Manzanos 1961

Vinous dreams come in all shapes and sizes, whether it’s trying a revered vintage, getting a fantastic bottle at a bargain price, or perhaps even simply getting a night on your own without the kids to enjoy the bottle in question.

Thanks to the UK’s leading online wine merchant Laithwaites you can now sort two out of three dreams straight away, just leaving you to just find the babysitter.

1961 Banner

1961 was (and is) a well lauded vintage in France – Could this Rioja keep up the pace?  JFK had just become the US President, the space-race was in its infancy and the Beatles were still trying to decide on a band name.  We’re talking seriously old-school.

Commercially viable volumes of very old bottlings such as this are increasingly unheard of, and it is only thanks to the extremely close relationship between Laithwaites head buyer Beth Willard and 5th generation winemaker Victor Manzanos, that such a rare gem has made it to the UK market.

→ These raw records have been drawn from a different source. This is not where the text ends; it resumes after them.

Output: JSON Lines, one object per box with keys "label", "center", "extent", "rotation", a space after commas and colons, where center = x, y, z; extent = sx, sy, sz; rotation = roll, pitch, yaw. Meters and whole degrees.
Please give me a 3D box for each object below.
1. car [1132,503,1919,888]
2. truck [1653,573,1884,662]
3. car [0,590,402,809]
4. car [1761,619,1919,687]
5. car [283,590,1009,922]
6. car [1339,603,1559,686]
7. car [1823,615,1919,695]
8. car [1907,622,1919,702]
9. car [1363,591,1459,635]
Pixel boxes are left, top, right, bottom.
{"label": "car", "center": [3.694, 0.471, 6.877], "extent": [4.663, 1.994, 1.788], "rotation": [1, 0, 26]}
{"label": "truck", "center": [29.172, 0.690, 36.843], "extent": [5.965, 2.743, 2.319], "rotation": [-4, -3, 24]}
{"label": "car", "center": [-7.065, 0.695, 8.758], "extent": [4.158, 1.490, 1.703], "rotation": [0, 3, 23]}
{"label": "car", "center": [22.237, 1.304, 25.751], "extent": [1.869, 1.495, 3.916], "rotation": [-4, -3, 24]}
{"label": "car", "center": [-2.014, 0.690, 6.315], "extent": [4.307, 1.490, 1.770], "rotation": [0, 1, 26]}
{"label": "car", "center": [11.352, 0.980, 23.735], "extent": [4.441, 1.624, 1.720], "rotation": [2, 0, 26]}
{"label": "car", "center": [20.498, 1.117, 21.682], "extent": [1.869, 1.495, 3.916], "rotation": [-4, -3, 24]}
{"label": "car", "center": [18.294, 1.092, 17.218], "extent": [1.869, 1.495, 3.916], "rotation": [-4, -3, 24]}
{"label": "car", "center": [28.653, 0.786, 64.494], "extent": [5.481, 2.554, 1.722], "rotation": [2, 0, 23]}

Building a strong relationship both professional and personal, Beth was on hand to support Victor through the tough times following the sudden death of his father.  Maintaining almost daily contact as the London based Victor returned to Spain to take over the family business at just 19 years old, Beth was top of the list when Victor unearthed a fantastically old cache of bottles.

Beth takes up the story: “Until around 10 years ago Manzanos were a medium sized producer focused on the area around Azagra and Calahorra in Rioja Oriental (formerly Rioja Baja). They are now one of the biggest producers of wine in Rioja and Navarra, owning several bodegas and lots of vineyards throughout the whole region.”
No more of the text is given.